PROBLEM DESCRIPTION:
Once you find the line containing "3) boat shoe <box>370,0,457,53</box>" in the data below, copy it and each following line exactly, up to and including the line containing "5) boot <box>550,0,617,67</box>", and nothing else.

EXERCISE DATA:
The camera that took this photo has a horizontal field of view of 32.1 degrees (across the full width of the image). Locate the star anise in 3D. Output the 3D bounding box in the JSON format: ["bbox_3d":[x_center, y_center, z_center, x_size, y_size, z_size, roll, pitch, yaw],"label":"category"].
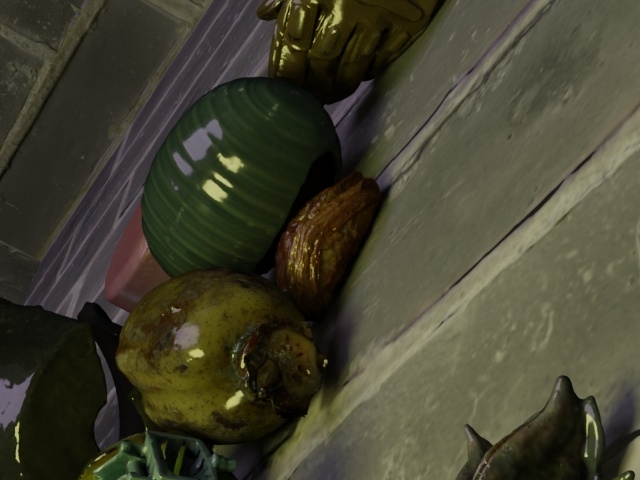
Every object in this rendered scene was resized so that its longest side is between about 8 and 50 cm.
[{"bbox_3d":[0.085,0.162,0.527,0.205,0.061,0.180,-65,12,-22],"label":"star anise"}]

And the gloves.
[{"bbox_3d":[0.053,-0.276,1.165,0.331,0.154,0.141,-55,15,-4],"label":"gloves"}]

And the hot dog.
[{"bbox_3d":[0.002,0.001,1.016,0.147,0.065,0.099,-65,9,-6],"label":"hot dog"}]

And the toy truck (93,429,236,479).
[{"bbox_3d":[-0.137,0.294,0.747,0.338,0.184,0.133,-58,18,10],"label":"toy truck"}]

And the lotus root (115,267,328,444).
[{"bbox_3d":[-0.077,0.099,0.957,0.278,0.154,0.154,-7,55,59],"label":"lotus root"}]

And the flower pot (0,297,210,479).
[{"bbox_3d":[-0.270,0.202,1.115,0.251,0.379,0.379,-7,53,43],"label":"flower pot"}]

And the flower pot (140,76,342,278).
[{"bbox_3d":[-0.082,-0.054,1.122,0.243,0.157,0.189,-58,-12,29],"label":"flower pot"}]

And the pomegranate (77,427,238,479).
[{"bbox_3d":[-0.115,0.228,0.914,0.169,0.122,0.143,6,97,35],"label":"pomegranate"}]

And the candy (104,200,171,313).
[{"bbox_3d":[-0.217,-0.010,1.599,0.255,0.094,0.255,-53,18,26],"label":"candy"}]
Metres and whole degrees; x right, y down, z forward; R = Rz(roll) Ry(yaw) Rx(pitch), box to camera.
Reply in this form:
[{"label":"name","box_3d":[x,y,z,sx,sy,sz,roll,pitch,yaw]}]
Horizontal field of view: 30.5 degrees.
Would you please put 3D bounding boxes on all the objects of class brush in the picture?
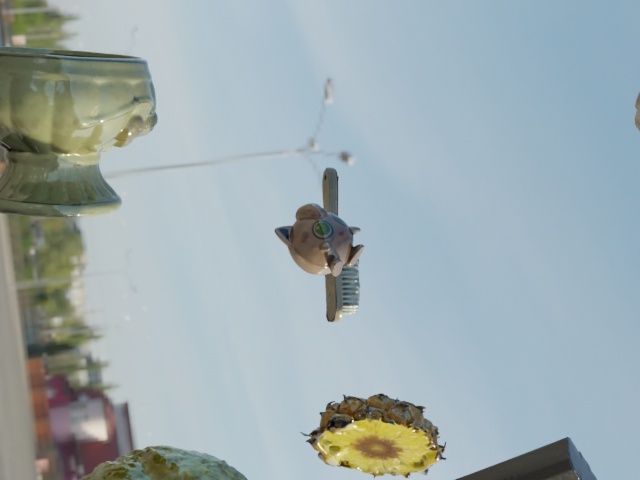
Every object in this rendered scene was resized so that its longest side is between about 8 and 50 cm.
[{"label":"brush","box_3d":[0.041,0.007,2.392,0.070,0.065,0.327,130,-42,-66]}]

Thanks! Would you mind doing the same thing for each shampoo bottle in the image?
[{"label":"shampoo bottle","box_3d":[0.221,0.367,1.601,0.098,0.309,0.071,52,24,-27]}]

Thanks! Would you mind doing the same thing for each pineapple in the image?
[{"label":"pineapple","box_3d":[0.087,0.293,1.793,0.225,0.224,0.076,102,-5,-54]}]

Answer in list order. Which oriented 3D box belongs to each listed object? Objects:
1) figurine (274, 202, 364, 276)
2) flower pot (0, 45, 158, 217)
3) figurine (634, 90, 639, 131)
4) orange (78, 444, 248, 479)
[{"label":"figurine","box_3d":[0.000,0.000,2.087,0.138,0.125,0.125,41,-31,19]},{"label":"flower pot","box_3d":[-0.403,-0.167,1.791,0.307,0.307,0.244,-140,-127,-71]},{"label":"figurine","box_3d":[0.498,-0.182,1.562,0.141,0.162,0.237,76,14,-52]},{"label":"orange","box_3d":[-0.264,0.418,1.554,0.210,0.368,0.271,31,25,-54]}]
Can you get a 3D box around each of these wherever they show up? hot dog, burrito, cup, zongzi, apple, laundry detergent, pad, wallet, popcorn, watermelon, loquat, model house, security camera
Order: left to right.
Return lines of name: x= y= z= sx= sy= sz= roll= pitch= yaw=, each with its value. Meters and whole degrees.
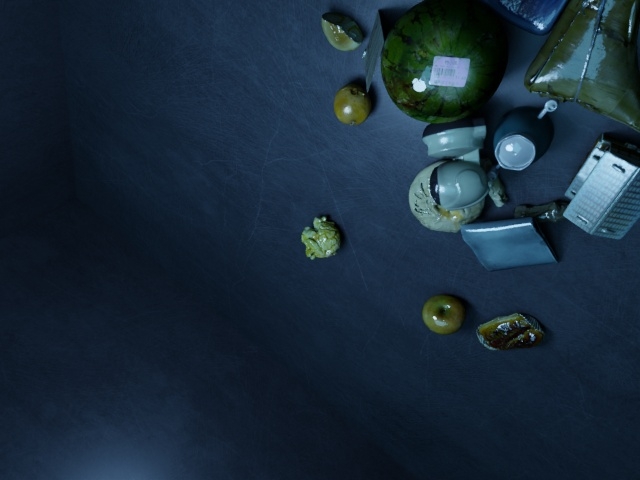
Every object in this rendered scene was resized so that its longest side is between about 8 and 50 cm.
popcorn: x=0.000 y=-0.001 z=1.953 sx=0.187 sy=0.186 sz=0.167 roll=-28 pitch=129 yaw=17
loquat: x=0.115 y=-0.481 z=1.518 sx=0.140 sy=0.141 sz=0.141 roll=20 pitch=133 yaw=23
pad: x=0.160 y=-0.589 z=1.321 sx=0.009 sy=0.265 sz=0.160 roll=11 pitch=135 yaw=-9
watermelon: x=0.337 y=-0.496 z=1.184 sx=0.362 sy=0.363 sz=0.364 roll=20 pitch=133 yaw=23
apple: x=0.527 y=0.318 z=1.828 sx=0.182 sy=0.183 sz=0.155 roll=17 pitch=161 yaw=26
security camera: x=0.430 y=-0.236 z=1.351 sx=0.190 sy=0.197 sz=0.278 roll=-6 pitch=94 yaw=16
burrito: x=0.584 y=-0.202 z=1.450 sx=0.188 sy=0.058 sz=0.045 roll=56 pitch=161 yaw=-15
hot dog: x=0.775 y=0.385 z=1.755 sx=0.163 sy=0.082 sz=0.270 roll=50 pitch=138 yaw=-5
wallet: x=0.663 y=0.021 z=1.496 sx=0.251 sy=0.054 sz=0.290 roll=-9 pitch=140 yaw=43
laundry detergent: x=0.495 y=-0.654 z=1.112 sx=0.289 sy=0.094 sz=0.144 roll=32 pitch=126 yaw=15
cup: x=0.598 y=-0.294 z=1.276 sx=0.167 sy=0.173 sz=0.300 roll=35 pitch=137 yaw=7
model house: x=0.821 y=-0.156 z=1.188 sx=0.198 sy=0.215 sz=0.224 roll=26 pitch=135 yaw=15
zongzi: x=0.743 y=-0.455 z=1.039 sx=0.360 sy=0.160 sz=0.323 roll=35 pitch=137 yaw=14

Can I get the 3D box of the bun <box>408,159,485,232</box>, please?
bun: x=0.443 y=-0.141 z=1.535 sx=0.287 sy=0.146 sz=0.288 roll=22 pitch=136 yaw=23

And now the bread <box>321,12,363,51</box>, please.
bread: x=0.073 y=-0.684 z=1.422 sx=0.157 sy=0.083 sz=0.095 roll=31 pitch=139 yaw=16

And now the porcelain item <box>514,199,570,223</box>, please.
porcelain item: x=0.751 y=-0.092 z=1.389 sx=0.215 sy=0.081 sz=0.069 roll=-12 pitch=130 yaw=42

...

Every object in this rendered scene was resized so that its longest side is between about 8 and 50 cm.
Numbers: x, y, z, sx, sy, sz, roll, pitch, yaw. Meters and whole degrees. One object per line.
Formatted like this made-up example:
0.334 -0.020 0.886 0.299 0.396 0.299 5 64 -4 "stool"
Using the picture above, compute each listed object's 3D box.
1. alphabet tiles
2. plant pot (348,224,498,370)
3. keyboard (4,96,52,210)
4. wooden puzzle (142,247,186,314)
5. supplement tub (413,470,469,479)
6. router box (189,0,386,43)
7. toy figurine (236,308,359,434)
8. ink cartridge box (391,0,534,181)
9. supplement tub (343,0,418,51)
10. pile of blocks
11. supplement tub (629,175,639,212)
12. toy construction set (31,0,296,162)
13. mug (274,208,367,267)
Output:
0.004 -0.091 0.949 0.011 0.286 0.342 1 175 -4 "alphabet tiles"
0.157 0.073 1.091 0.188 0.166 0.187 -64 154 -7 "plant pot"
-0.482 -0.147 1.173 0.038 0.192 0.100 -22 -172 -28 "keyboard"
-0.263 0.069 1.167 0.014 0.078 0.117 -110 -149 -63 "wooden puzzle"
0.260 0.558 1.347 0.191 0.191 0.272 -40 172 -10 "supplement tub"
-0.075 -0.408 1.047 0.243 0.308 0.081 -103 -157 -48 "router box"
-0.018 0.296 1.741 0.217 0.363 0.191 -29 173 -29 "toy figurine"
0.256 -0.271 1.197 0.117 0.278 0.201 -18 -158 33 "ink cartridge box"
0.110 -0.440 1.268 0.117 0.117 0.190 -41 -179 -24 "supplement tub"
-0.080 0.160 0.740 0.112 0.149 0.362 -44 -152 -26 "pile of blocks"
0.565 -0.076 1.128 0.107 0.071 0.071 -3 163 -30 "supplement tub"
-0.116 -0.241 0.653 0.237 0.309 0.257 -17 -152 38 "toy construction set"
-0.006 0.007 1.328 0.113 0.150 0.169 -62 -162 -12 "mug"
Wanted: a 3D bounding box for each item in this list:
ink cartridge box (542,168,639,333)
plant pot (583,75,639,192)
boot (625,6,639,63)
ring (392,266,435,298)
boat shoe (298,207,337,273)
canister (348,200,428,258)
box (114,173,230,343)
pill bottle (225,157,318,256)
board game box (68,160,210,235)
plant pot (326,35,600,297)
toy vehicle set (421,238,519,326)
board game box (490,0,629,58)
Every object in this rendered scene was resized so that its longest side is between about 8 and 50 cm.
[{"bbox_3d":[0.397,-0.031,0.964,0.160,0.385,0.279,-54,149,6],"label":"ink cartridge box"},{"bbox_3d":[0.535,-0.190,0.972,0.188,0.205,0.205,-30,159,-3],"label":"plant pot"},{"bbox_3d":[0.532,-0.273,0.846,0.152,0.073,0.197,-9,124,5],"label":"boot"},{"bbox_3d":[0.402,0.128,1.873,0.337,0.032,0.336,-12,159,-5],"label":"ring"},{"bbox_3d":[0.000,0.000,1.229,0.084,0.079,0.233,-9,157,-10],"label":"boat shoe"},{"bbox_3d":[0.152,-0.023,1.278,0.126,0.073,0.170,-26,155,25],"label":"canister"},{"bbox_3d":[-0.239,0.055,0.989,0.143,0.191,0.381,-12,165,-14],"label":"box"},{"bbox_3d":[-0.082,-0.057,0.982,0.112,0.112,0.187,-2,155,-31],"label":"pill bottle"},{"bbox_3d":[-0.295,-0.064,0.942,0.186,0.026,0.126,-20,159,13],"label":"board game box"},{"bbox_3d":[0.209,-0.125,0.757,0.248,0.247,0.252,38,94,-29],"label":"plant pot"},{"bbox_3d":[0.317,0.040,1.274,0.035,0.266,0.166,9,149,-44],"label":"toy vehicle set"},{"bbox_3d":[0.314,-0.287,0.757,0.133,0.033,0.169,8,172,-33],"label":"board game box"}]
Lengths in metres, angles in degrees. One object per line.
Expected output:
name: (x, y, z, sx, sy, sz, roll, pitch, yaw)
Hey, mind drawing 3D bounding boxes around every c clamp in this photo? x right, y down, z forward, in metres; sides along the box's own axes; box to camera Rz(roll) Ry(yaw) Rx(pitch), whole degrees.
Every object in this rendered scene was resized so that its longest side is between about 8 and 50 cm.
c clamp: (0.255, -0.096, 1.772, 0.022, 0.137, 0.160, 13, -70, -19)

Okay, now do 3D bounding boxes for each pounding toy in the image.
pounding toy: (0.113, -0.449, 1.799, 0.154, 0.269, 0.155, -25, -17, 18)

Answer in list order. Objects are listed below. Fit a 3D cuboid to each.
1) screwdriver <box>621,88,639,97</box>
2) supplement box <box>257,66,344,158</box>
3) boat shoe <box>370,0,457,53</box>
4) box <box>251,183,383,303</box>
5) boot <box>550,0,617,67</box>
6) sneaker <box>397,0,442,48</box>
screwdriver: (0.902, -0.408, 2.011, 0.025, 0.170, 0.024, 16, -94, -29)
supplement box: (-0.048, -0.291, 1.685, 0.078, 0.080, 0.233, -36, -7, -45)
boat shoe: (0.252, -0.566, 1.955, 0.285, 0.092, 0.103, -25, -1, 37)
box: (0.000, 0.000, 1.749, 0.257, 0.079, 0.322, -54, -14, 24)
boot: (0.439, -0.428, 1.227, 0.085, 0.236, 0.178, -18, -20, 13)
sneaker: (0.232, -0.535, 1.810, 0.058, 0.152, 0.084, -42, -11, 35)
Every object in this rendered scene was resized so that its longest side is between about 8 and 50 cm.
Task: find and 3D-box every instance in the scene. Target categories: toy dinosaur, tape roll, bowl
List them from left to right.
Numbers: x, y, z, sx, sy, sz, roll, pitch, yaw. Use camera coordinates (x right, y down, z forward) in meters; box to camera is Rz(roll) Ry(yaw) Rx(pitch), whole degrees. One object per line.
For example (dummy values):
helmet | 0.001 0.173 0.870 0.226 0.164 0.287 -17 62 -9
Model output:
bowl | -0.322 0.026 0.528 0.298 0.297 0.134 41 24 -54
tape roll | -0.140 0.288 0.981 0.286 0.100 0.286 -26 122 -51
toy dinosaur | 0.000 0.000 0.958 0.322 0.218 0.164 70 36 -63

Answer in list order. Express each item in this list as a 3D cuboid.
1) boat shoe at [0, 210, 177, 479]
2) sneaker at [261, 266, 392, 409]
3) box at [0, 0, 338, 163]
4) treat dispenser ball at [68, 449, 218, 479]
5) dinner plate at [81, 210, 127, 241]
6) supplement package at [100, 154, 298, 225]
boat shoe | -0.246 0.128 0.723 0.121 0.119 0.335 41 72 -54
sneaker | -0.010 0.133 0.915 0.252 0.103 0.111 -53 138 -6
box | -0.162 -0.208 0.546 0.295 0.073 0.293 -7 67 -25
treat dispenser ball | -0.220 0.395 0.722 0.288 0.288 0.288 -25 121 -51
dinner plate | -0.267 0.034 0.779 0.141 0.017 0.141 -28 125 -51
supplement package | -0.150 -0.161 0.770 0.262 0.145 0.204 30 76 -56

SOLUTION TO THE PROBLEM:
3) boat shoe <box>370,0,457,53</box>
4) box <box>251,183,383,303</box>
5) boot <box>550,0,617,67</box>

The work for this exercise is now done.